Rate limiting strategies¶
djlimiter comes with three different rate limiting strategies built-in. Pick
the one that works for your use-case by specifying it in your django settings as
RATELIMIT_STRATEGY
(one of fixed-window
, fixed-window-elastic-expiry
,
or moving-window
). The default configuration is fixed-window
.
Fixed Window¶
This is the most memory efficient strategy to use as it maintains one counter per resource and rate limit. It does however have its drawbacks as it allows bursts within each window - thus allowing an ‘attacker’ to by-pass the limits. The effects of these bursts can be partially circumvented by enforcing multiple granularities of windows per resource.
For example, if you specify a 100/minute
rate limit on a route, this strategy will
allow 100 hits in the last second of one window and a 100 more in the first
second of the next window. To ensure that such bursts are managed, you could add a second rate limit
of 2/second
on the same route.
Fixed Window with Elastic Expiry¶
This strategy works almost identically to the Fixed Window strategy with the exception that each hit results in the extension of the window. This strategy works well for creating large penalties for breaching a rate limit.

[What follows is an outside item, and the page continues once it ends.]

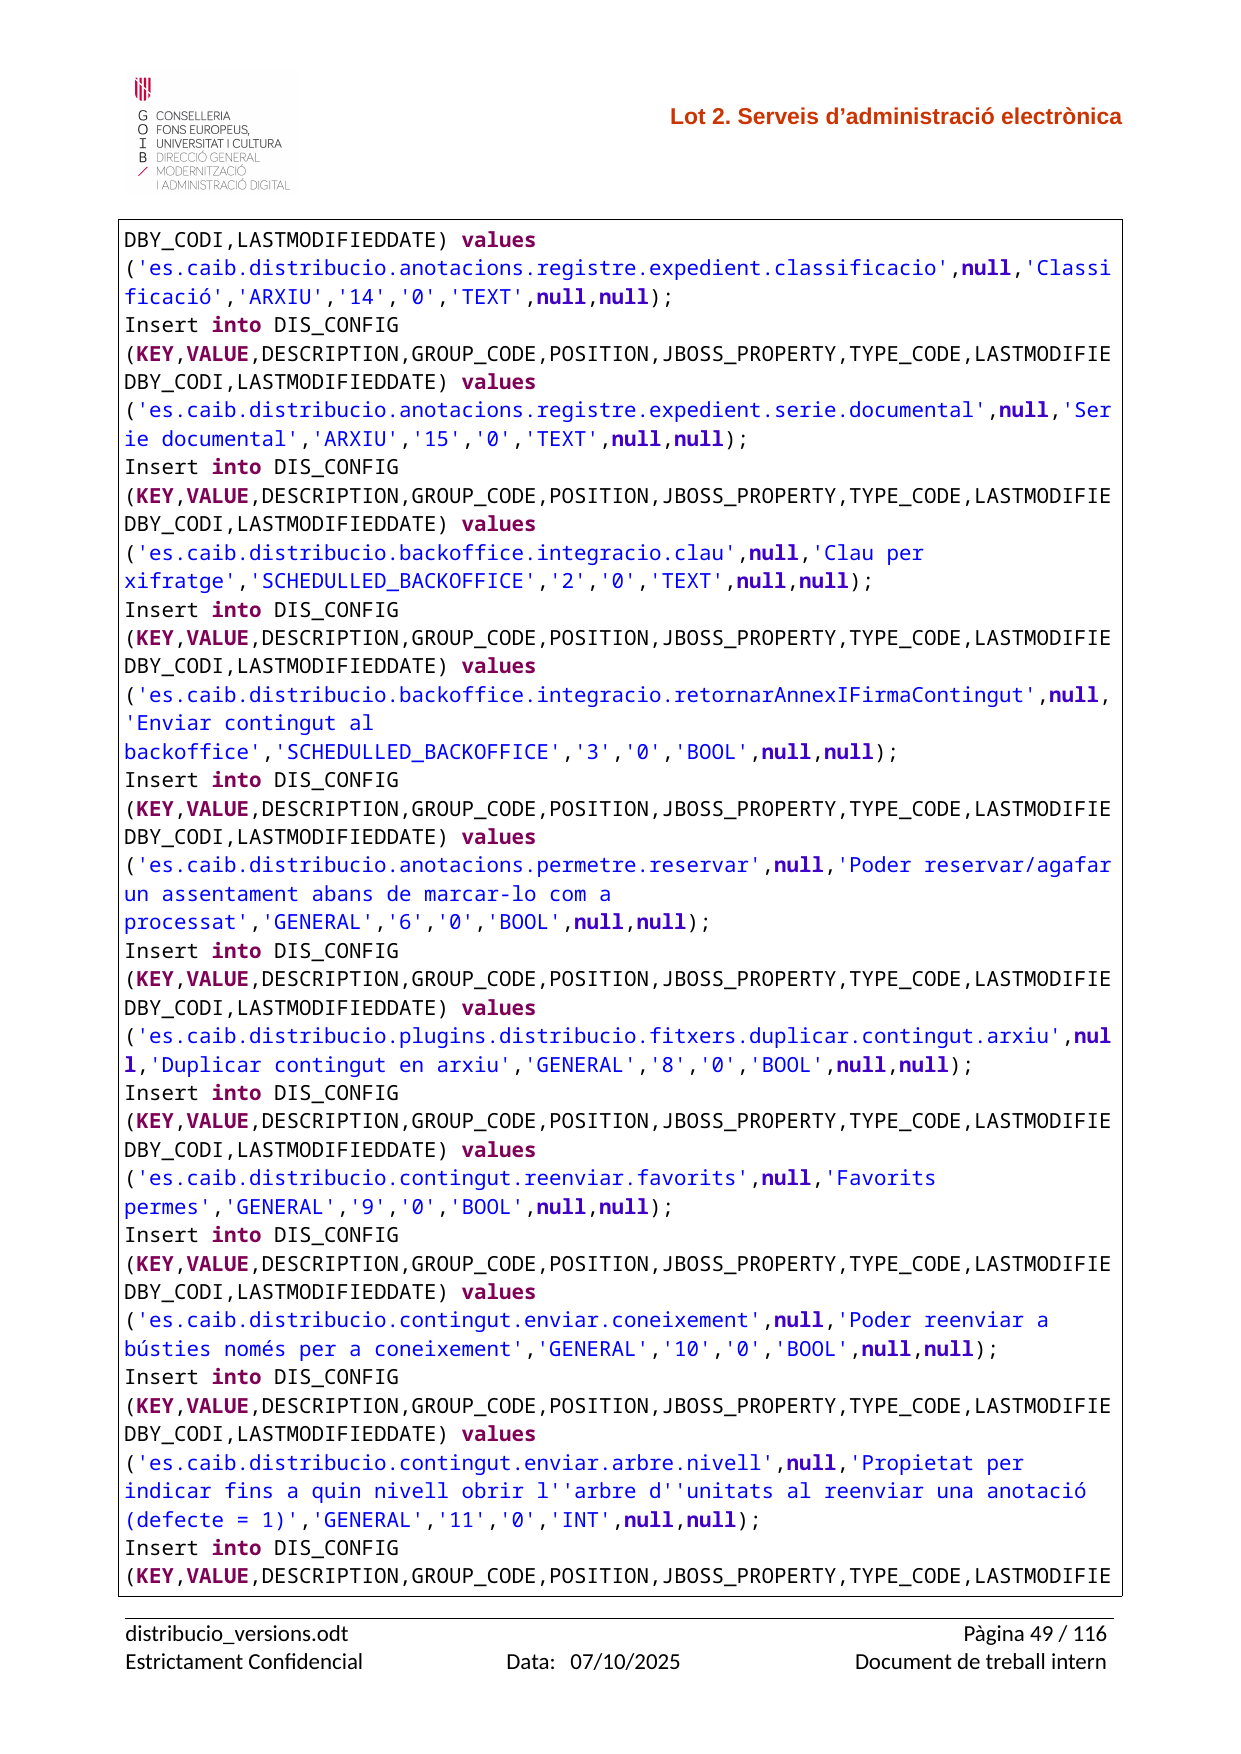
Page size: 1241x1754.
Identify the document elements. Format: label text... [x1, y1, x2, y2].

picture [126, 70, 299, 197]
table_header DBY_CODI,LASTMODIFIEDDATE) values ('es.caib.distribucio.anotacions.registre.expedient.classificacio',null,'Classificació','ARXIU','14','0','TEXT',null,null); Insert into DIS_CONFIG (KEY,VALUE,DESCRIPTION,GROUP_CODE,POSITION,JBOSS_PROPERTY,TYPE_CODE,LASTMODIFIEDBY_CODI,LASTMODIFIEDDATE) values ('es.caib.distribucio.anotacions.registre.expedient.serie.documental',null,'Serie documental','ARXIU','15','0','TEXT',null,null); Insert into DIS_CONFIG (KEY,VALUE,DESCRIPTION,GROUP_CODE,POSITION,JBOSS_PROPERTY,TYPE_CODE,LASTMODIFIEDBY_CODI,LASTMODIFIEDDATE) values ('es.caib.distribucio.backoffice.integracio.clau',null,'Clau per xifratge','SCHEDULLED_BACKOFFICE','2','0','TEXT',null,null); Insert into DIS_CONFIG (KEY,VALUE,DESCRIPTION,GROUP_CODE,POSITION,JBOSS_PROPERTY,TYPE_CODE,LASTMODIFIEDBY_CODI,LASTMODIFIEDDATE) values ('es.caib.distribucio.backoffice.integracio.retornarAnnexIFirmaContingut',null,'Enviar contingut al backoffice','SCHEDULLED_BACKOFFICE','3','0','BOOL',null,null); Insert into DIS_CONFIG (KEY,VALUE,DESCRIPTION,GROUP_CODE,POSITION,JBOSS_PROPERTY,TYPE_CODE,LASTMODIFIEDBY_CODI,LASTMODIFIEDDATE) values ('es.caib.distribucio.anotacions.permetre.reservar',null,'Poder reservar/agafar un assentament abans de marcar-lo com a processat','GENERAL','6','0','BOOL',null,null); Insert into DIS_CONFIG (KEY,VALUE,DESCRIPTION,GROUP_CODE,POSITION,JBOSS_PROPERTY,TYPE_CODE,LASTMODIFIEDBY_CODI,LASTMODIFIEDDATE) values ('es.caib.distribucio.plugins.distribucio.fitxers.duplicar.contingut.arxiu',null,'Duplicar contingut en arxiu','GENERAL','8','0','BOOL',null,null); Insert into DIS_CONFIG (KEY,VALUE,DESCRIPTION,GROUP_CODE,POSITION,JBOSS_PROPERTY,TYPE_CODE,LASTMODIFIEDBY_CODI,LASTMODIFIEDDATE) values ('es.caib.distribucio.contingut.reenviar.favorits',null,'Favorits permes','GENERAL','9','0','BOOL',null,null); Insert into DIS_CONFIG (KEY,VALUE,DESCRIPTION,GROUP_CODE,POSITION,JBOSS_PROPERTY,TYPE_CODE,LASTMODIFIEDBY_CODI,LASTMODIFIEDDATE) values ('es.caib.distribucio.contingut.enviar.coneixement',null,'Poder reenviar a bústies només per a coneixement','GENERAL','10','0','BOOL',null,null); Insert into DIS_CONFIG (KEY,VALUE,DESCRIPTION,GROUP_CODE,POSITION,JBOSS_PROPERTY,TYPE_CODE,LASTMODIFIEDBY_CODI,LASTMODIFIEDDATE) values ('es.caib.distribucio.contingut.enviar.arbre.nivell',null,'Propietat per indicar fins a quin nivell obrir l''arbre d''unitats al reenviar una anotació (defecte = 1)','GENERAL','11','0','INT',null,null); Insert into DIS_CONFIG (KEY,VALUE,DESCRIPTION,GROUP_CODE,POSITION,JBOSS_PROPERTY,TYPE_CODE,LASTMODIFIE [119, 220, 1122, 1596]

For example, if you specify a 100/minute
rate limit on a route and it is being
attacked at the rate of 5 hits per second for 2 minutes - the attacker will be locked
out of the resource for an extra 60 seconds after the last hit. This strategy helps
circumvent bursts.
Moving Window¶
Warning
The moving window strategy is only implemented for the redis
and in-memory
storage backends. The strategy requires using a list with fast random access which
is not very convenient to implement with a memcached storage.

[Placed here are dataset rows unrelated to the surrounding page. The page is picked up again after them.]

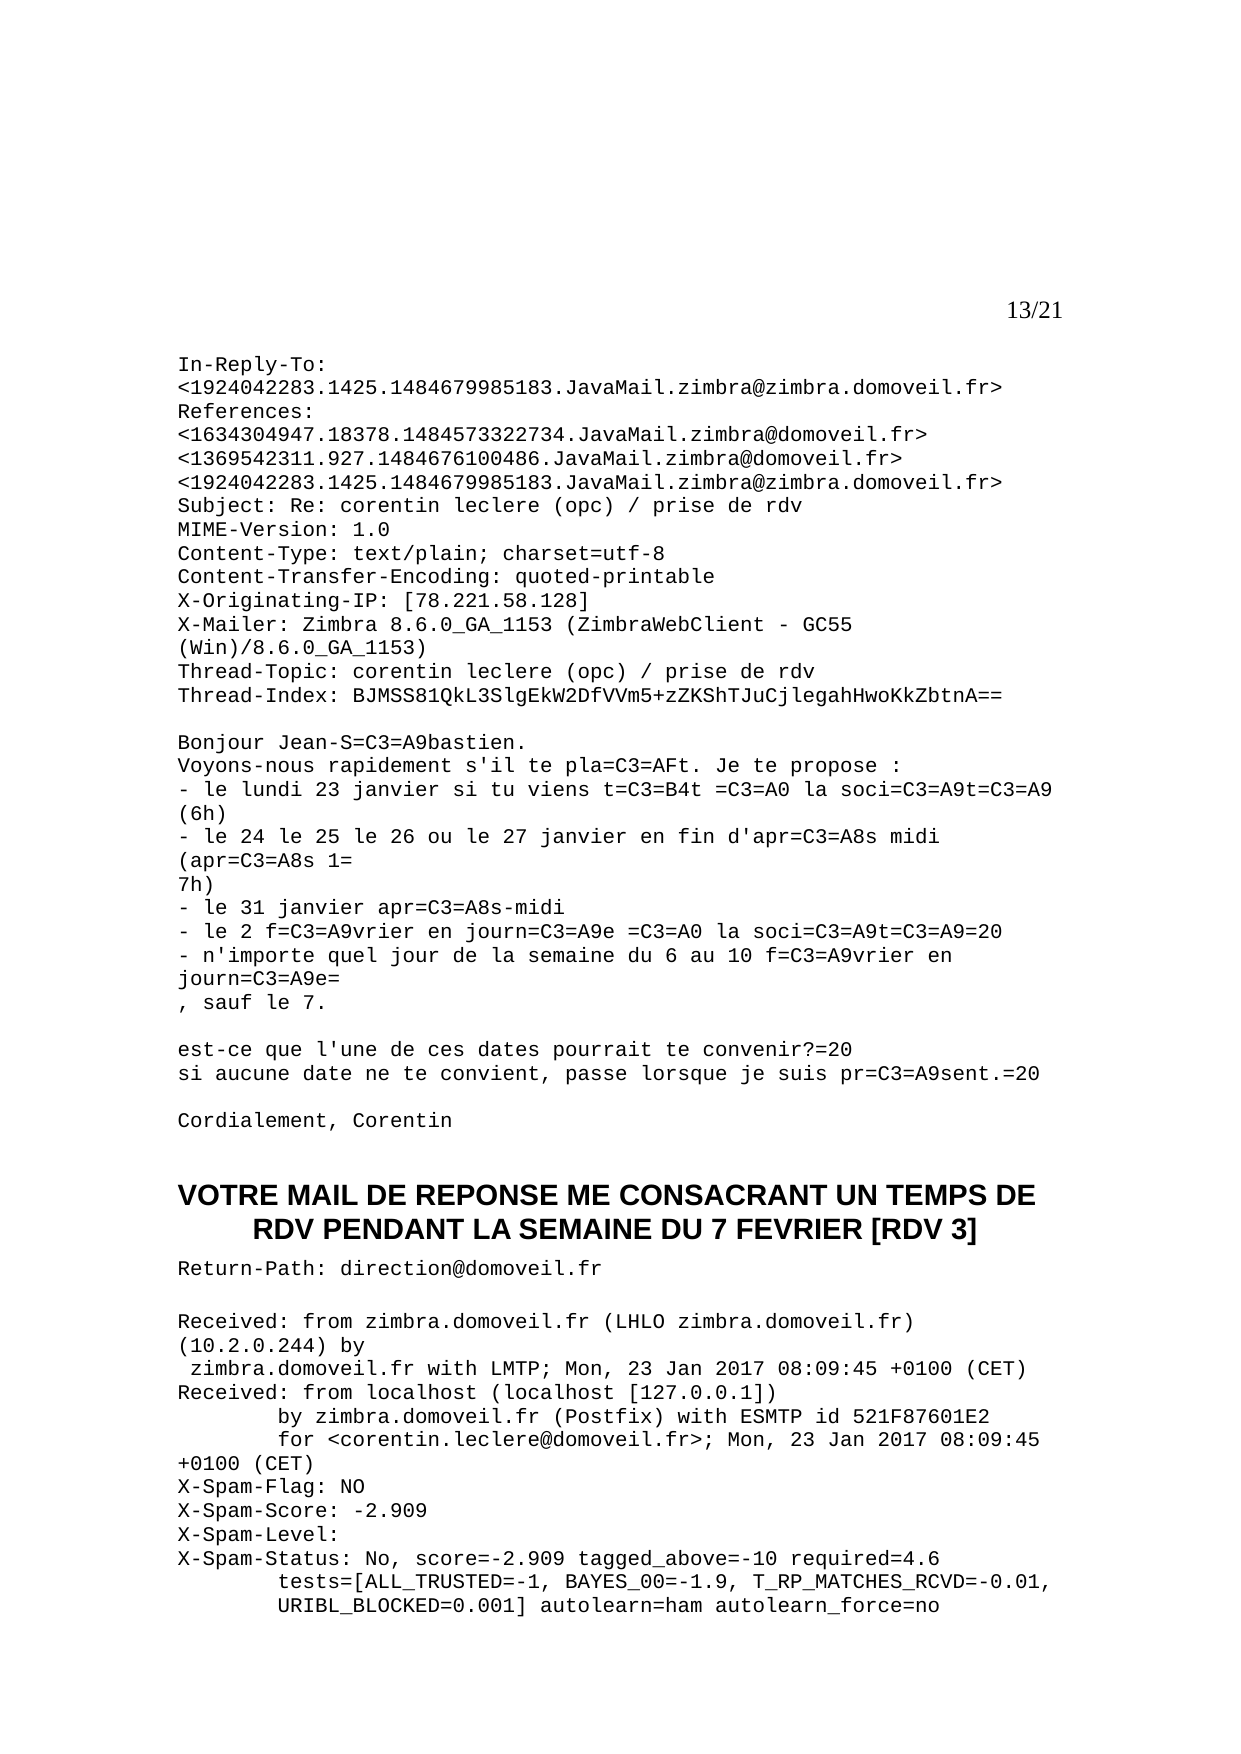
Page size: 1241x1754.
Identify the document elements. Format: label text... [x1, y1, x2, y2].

text X-Spam-Level: [177, 1524, 1063, 1547]
text - le 31 janvier apr=C3=A8s-midi [177, 897, 1063, 921]
text - n'importe quel jour de la semaine du 6 au 10 f=C3=A9vrier en journ=C3=A9e= [177, 945, 1063, 992]
text Received: from zimbra.domoveil.fr (LHLO zimbra.domoveil.fr) (10.2.0.244) by [177, 1311, 1063, 1358]
text Received: from localhost (localhost [127.0.0.1]) [177, 1382, 1063, 1406]
text URIBL_BLOCKED=0.001] autolearn=ham autolearn_force=no [177, 1595, 1063, 1618]
text for <corentin.leclere@domoveil.fr>; Mon, 23 Jan 2017 08:09:45 +0100 (CET) [177, 1429, 1063, 1477]
text Bonjour Jean-S=C3=A9bastien. [177, 732, 1063, 756]
text Subject: Re: corentin leclere (opc) / prise de rdv [177, 495, 1063, 519]
text Content-Type: text/plain; charset=utf-8 [177, 543, 1063, 566]
text Thread-Topic: corentin leclere (opc) / prise de rdv [177, 661, 1063, 684]
text X-Mailer: Zimbra 8.6.0_GA_1153 (ZimbraWebClient - GC55 (Win)/8.6.0_GA_1153) [177, 614, 1063, 661]
text Cordialement, Corentin [177, 1110, 1063, 1134]
text zimbra.domoveil.fr with LMTP; Mon, 23 Jan 2017 08:09:45 +0100 (CET) [177, 1358, 1063, 1382]
text - le 24 le 25 le 26 ou le 27 janvier en fin d'apr=C3=A8s midi (apr=C3=A8s 1= [177, 826, 1063, 874]
subtitle VOTRE MAIL DE REPONSE ME CONSACRANT UN TEMPS DE RDV PENDANT LA SEMAINE DU 7 FEVRIER [RDV 3] [177, 1178, 1063, 1245]
text Voyons-nous rapidement s'il te pla=C3=AFt. Je te propose : [177, 756, 1063, 779]
text Thread-Index: BJMSS81QkL3SlgEkW2DfVVm5+zZKShTJuCjlegahHwoKkZbtnA== [177, 684, 1063, 708]
text by zimbra.domoveil.fr (Postfix) with ESMTP id 521F87601E2 [177, 1406, 1063, 1429]
text MIME-Version: 1.0 [177, 519, 1063, 543]
text 7h) [177, 874, 1063, 897]
text si aucune date ne te convient, passe lorsque je suis pr=C3=A9sent.=20 [177, 1063, 1063, 1087]
text In-Reply-To: <1924042283.1425.1484679985183.JavaMail.zimbra@zimbra.domoveil.fr> [177, 353, 1063, 401]
text Return-Path: direction@domoveil.fr [177, 1258, 1063, 1282]
text X-Spam-Score: -2.909 [177, 1500, 1063, 1524]
text , sauf le 7. [177, 992, 1063, 1016]
text Content-Transfer-Encoding: quoted-printable [177, 566, 1063, 590]
text est-ce que l'une de ces dates pourrait te convenir?=20 [177, 1039, 1063, 1063]
text X-Originating-IP: [78.221.58.128] [177, 590, 1063, 614]
text X-Spam-Flag: NO [177, 1477, 1063, 1500]
text - le 2 f=C3=A9vrier en journ=C3=A9e =C3=A0 la soci=C3=A9t=C3=A9=20 [177, 921, 1063, 945]
text tests=[ALL_TRUSTED=-1, BAYES_00=-1.9, T_RP_MATCHES_RCVD=-0.01, [177, 1571, 1063, 1595]
text References: <1634304947.18378.1484573322734.JavaMail.zimbra@domoveil.fr> <1369542311.927.1484676100486.JavaMail.zimbra@domoveil.fr> <1924042283.1425.1484679985183.JavaMail.zimbra@zimbra.domoveil.fr> [177, 401, 1063, 495]
text X-Spam-Status: No, score=-2.909 tagged_above=-10 required=4.6 [177, 1547, 1063, 1571]
text - le lundi 23 janvier si tu viens t=C3=B4t =C3=A0 la soci=C3=A9t=C3=A9 (6h) [177, 779, 1063, 826]

This strategy is the most effective for preventing bursts from by-passing the
rate limit as the window for each limit is not fixed at the start and end of each time unit
(i.e. N/second for a moving window means N in the last 1000 milliseconds). There is
however a higher memory cost associated with this strategy as it requires N
items to
be maintained in memory per resource and rate limit.
Rate-limiting Headers¶
If the configuration is enabled, information about the rate limit with respect to the route being requested will be added to the response headers. Since multiple rate limits can be active for a given route - the rate limit with the lowest time granularity will be used in the scenario when the request does not breach any rate limits.
X-RateLimit-Limit |
The total number of requests allowed for the active window |
X-RateLimit-Remaining |
The number of requests remaining in the active window. |
X-RateLimit-Reset |
UTC seconds since epoch when the window will be reset. |
Warning
Enabling the headers has an additional cost with certain storage / strategy combinations.
- Memcached + Fixed Window: an extra key per rate limit is stored to calculate
X-RateLimit-Reset
- Redis + Moving Window: an extra call to redis is involved during every request
to calculate
X-RateLimit-Remaining
andX-RateLimit-Reset
The header names can be customised if required by using django settings (Configuration).